Step 5: Delete the new "Group1" column that's been thrown onto the design.  Delete the columns ONLY.

So, now we have a report definition that page breaks every 100 rows.  Brilliant!  We're done, right?  Well, not necessarily.  Suppose our client wants to see the column headers on each new page, as well as have the column headers freeze themselves when they browse the report on their browser interactively...


Repeating Column Headers in Excel and Freezing Interactive Column Headers


The first thing we need to do is to go into Advanced Mode for our Row Groups.  This is accomplished by clicking the small black down arrow to the far right of the "Column Groups" label.

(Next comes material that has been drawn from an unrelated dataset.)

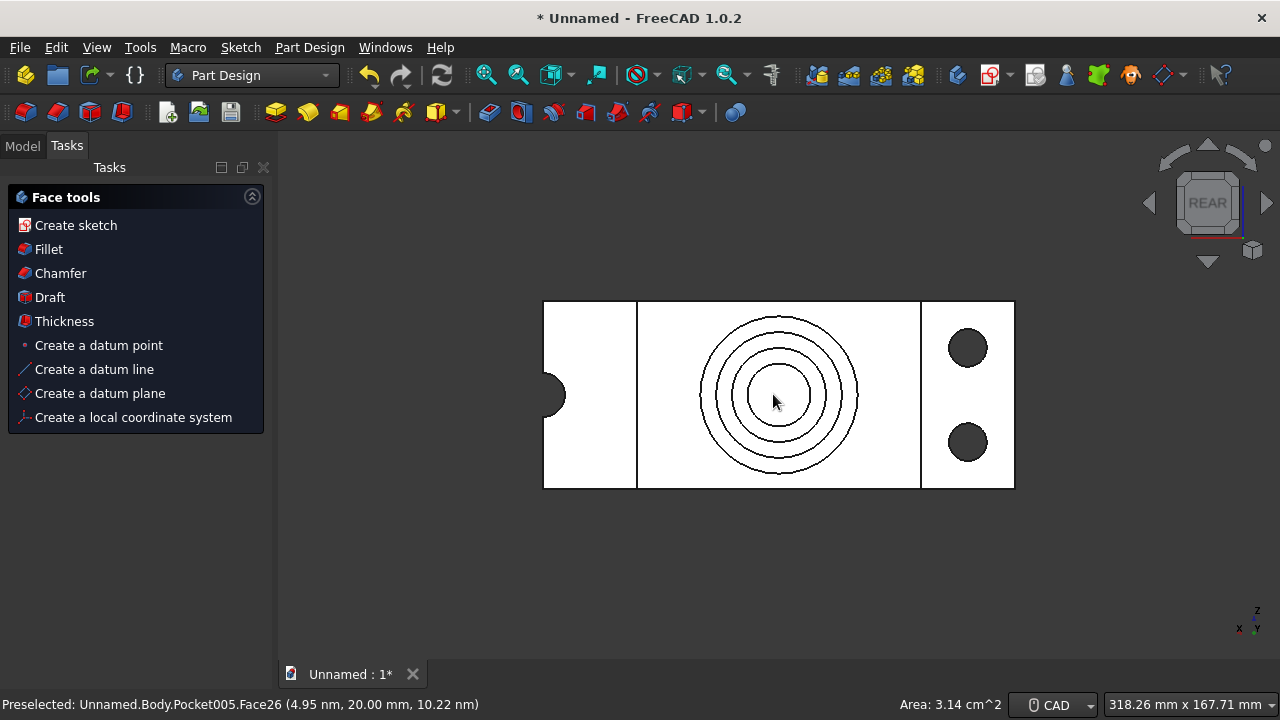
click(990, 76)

Step 1: Click on Advanced Mode
Now that we've got Advanced Mode up, click on the first item on the Row Groups labelled "(Static)" and bring up the Properties window if it's not already on your toolbox.

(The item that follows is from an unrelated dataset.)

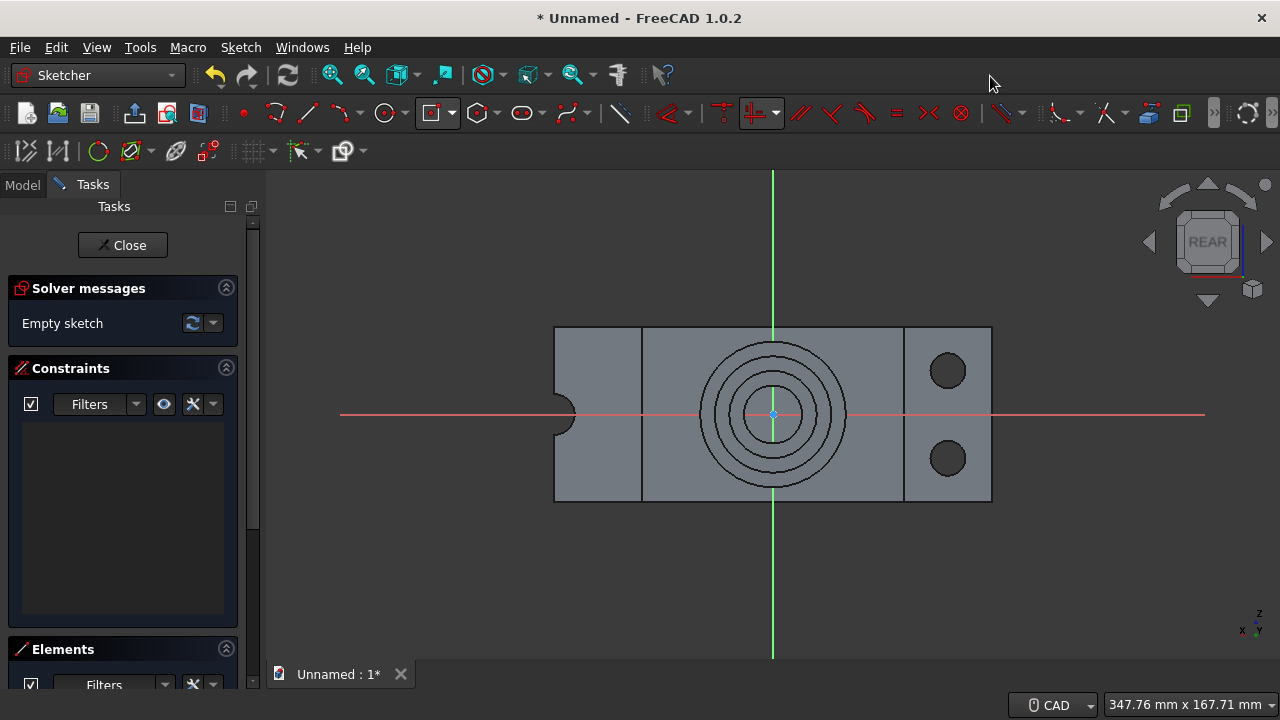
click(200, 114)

Step 2: Set FixedData to True (freezes column headings in interactive mode), then set KeepsTogether and RepeatOnNewPage to True and KeepWithGroup to After (publishes column heading on each page when output to Excel).
Congratulations, you have now created an SSRS tabular report that breaks every 100 rows and reproduces the column header on each new sheet, as well as freezes the column headers when scrolling down interactively!








In Summary...


Do I wish that there was more apparent solution to this seemingly trivial issue?  I absolutely do.  I'm not sure why this design limitation was overlooked in the development process of SSRS 2008.  It would seem to me that the proper solution would be that the SSRS Excel output algorithm would be loosely coupled from SSRS itself and be dependent upon the version of Excel one installs on the server on which SSRS is running?


Anyway, whatever the reason, at least there is a solution out there, albeit a bit of a roundabout one.